My problem is how to move the ui_waveform. Everytimes I use the move_control_px command the ui_waveform goes in the correct position I wish but with iths dimensions very small like a button size :(


----------



## EvilDragon (May 9, 2018)

You need to adjust width/height in pixels as well, when changing the x, y position in pixels.


----------



## MirtKlaar (May 10, 2018)

Thank you Evil, I suspected something that


----------



## DidierN (Nov 10, 2018)

Hi, i want to change de waveform view for each zone.
Works perfect for one zone only.
How i can made for each zone please.
Best Regards,
Didier.

This is my code.

declare $play_pos
declare ui_waveform $my_waveform (4, 7)
declare $which_zone
$which_zone := find_zone("Seven - Ethnic - 01_ms0_036_c1")
attach_zone ($my_waveform, $which_zone, 0)
attach_zone($my_waveform, $which_zone,$UI_WAVEFORM_USE_SLICES .or. $UI_WAVEFORM_USE_TABLE)


----------



## EvilDragon (Nov 10, 2018)

Just use a different zone ID in attach_zone (in your code, $which_zone variable), depending on which zone you want to show up.


----------



## DidierN (Nov 10, 2018)

Thanks a lot EvilDragon.
I have 8 differents zone for different samples.
Then i don't understand with code i have to add.
Could you please make me a exemple for 2 different zones.
Best Regards,
Didier.


----------



## EvilDragon (Nov 10, 2018)

Do you want to show them on the same ui_waveform, or multiple? In case of multiple ui_waveforms, it's easy, just attach a different zone to each one.

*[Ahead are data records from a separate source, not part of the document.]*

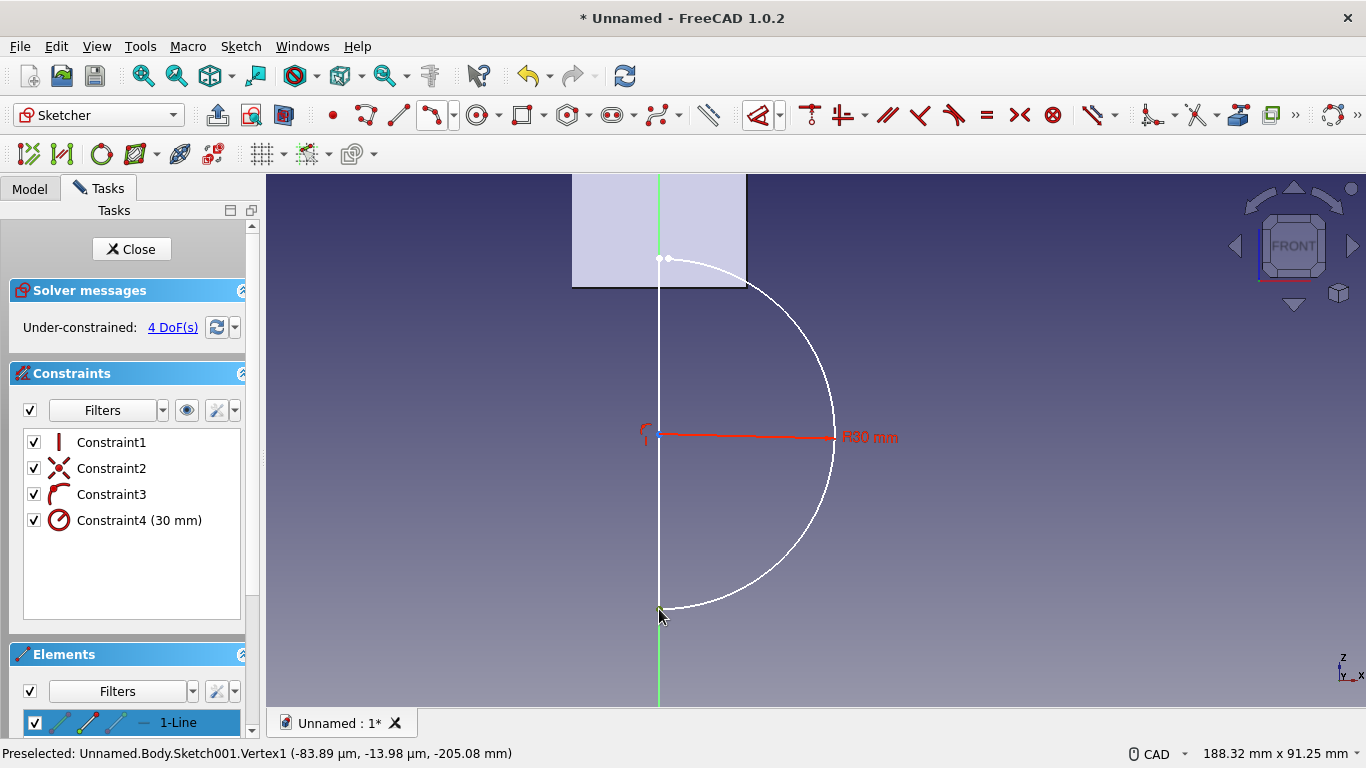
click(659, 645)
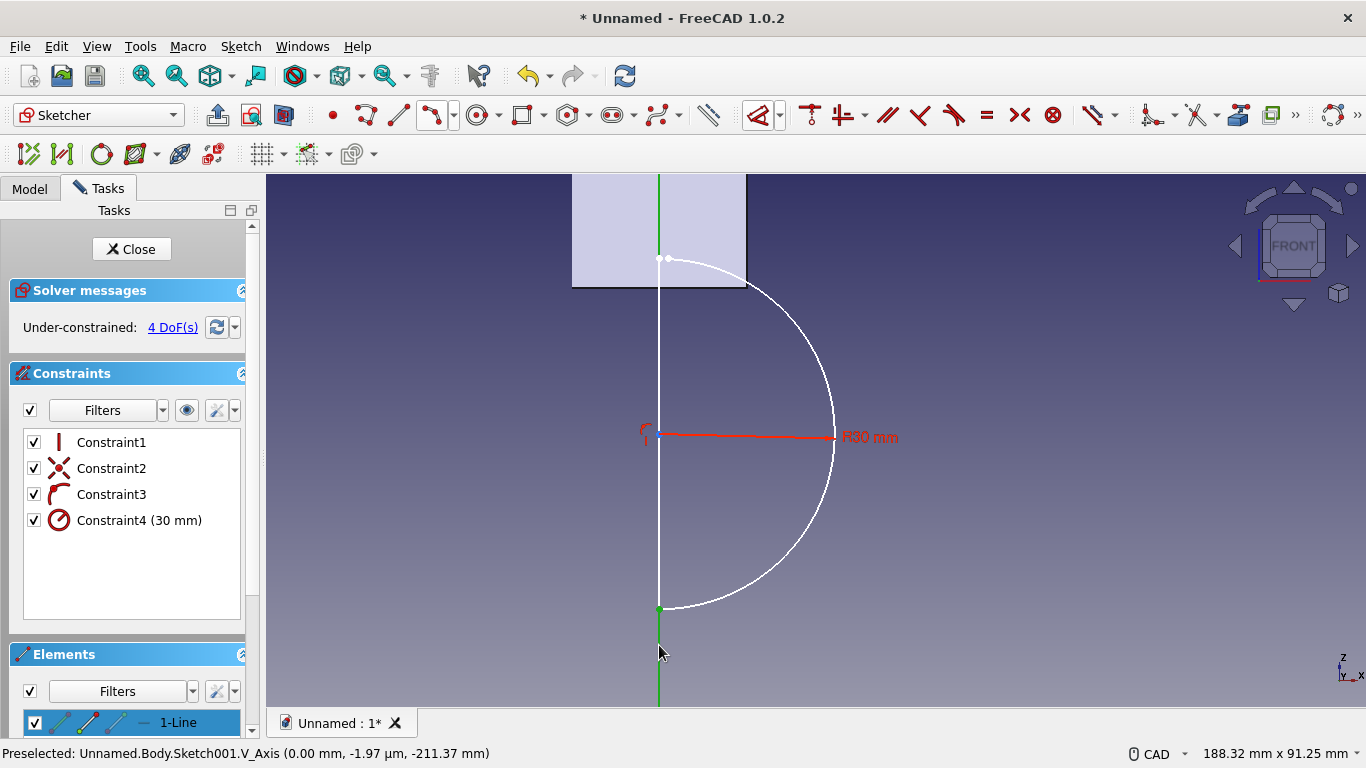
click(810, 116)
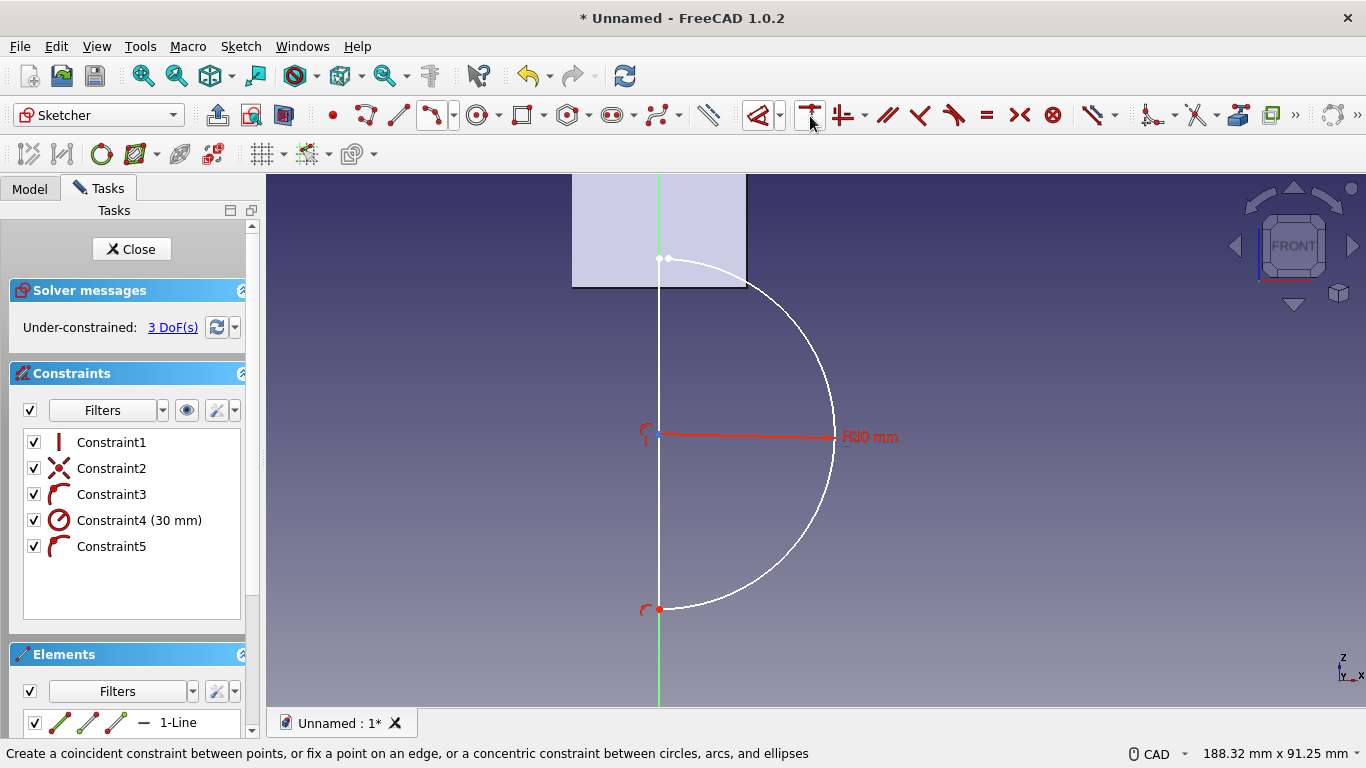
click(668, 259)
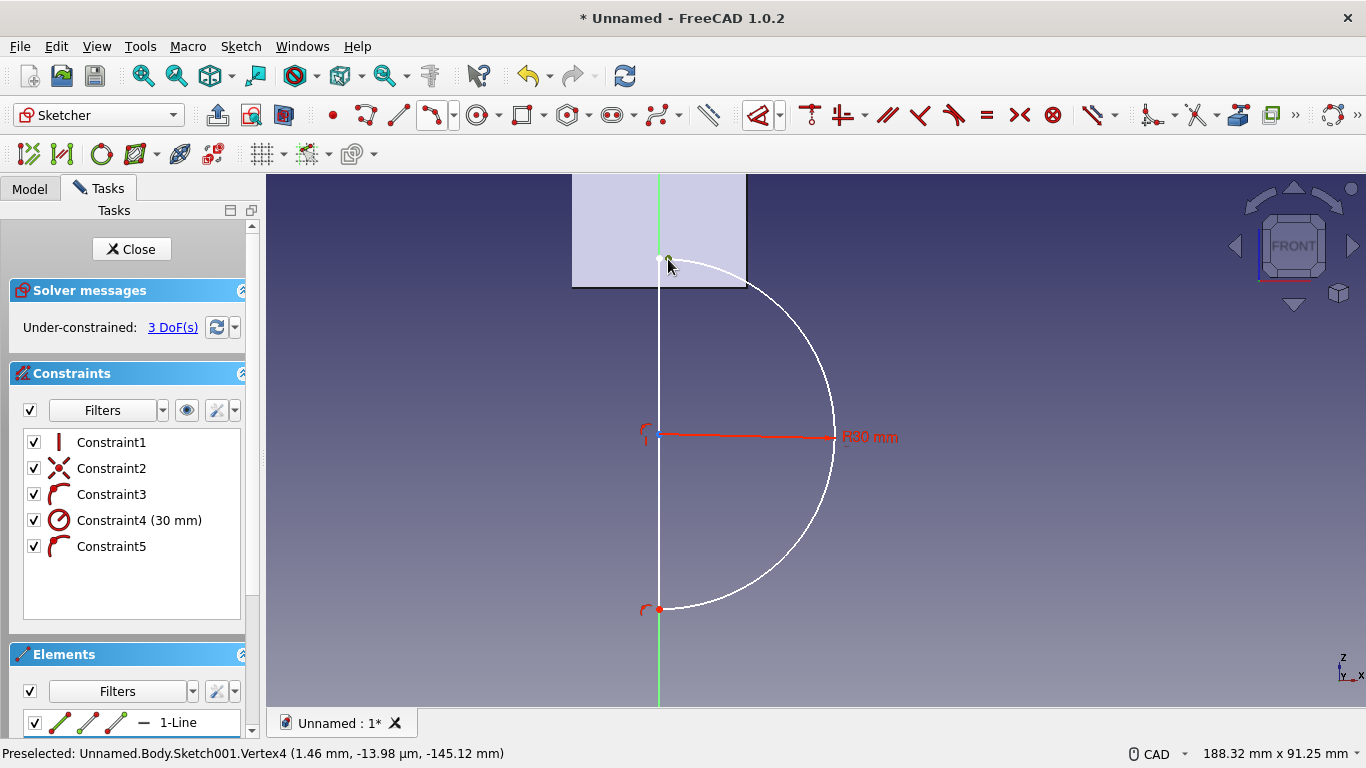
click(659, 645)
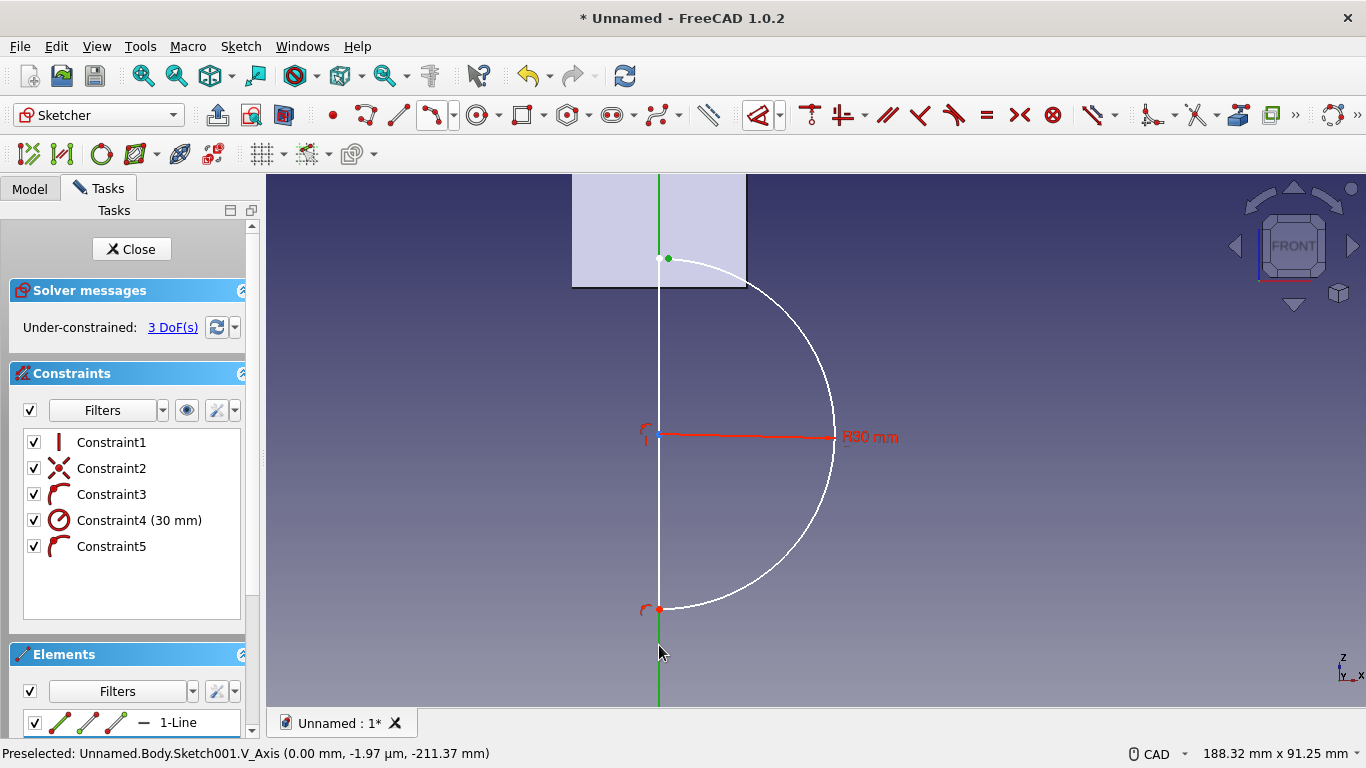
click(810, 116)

Also you don't need to use attach_zone() twice like you did above - that's completely unnecessary. Just the second one will do.


----------



## DidierN (Nov 10, 2018)

Thanks again.
So, i want to see my waveform 1 if i play c1(the zone) and i want to see my waveform 2 if i play c#1, etc..Not see all the waveform at the same time, juste see my waveform that i play.


----------